My friend ... Never shall I forget Nadia's leg, amputated from the top of the thigh. No! Nor shall I forget the grief which had moulded her face and merged into its traits for ever. I went out of the hospital in Gaza that day, my hand clutched in silent derision on the two pounds I had brought with me to give Nadia. The blazing sun filled the streets with the colour of blood. And Gaza was brand new, Mustafa! You and I never saw it like this. The stone piled up at the beginning of the Shajiya quarter where we lived had a meaning, and they seemed to have been put there for no other reason but to explain it.
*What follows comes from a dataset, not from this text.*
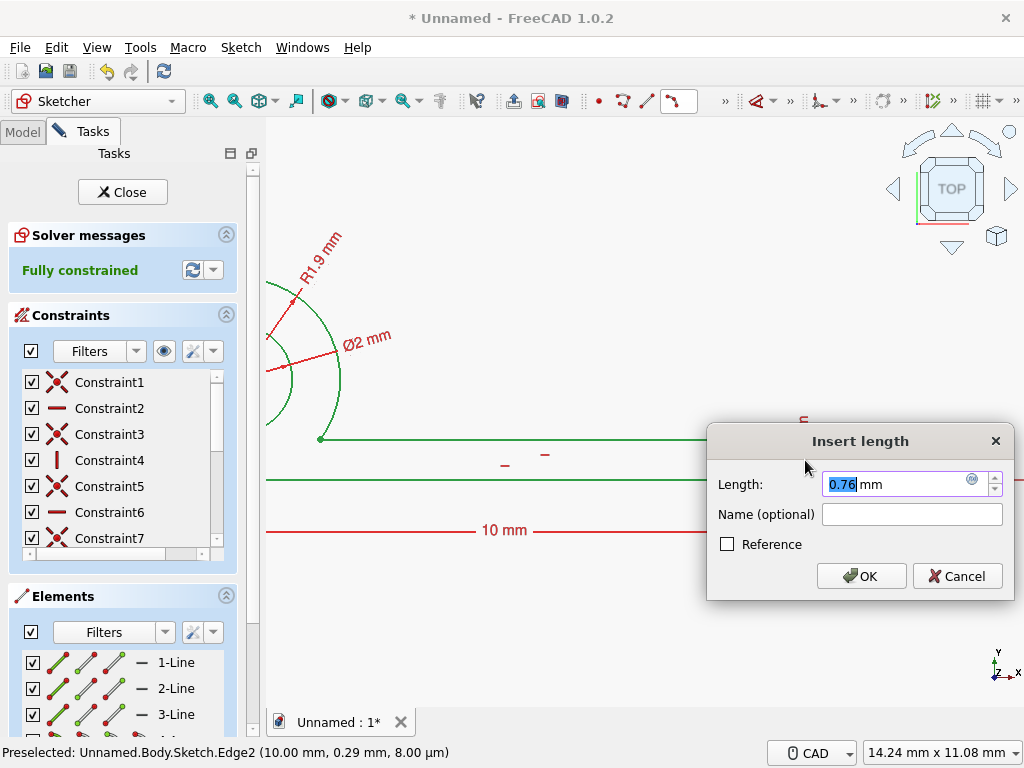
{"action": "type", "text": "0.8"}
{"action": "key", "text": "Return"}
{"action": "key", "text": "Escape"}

This Gaza in which we had lived and with whose good people we had spent seven years of defeat was something new. It seemed to me just a beginning. I don't know why I thought it was just a beginning. I imagined that the main street that I walked along on the way back home was only the beginning of a long, long road leading to Safad. Everything in this Gaza throbbed with sadness which was not confined to weeping. It was a challenge: more than that it was something like reclamation of the amputated leg!
I went out into the streets of Gaza, streets filled with blinding sunlight. They told me that Nadia had lost her leg when she threw herself on top of her little brothers and sisters to protect them from the bombs and flames that had fastened their claws into the house. Nadia could have saved herself, she could have run away, rescued her leg. But she didn't.
Why?
No, my friend, I won't come to Sacramento, and I've no regrets. No, and nor will I finish what we began together in childhood. This obscure feeling that you had as you left Gaza, this small feeling must grow into a giant deep within you. It must expand, you must seek it in order to find yourself, here among the ugly debris of defeat.
I won't come to you. But you, return to us! Come back, to learn from Nadia's leg, amputated from the top of the thigh, what life is and what existence is worth.
Come back, my friend! We are all waiting for you.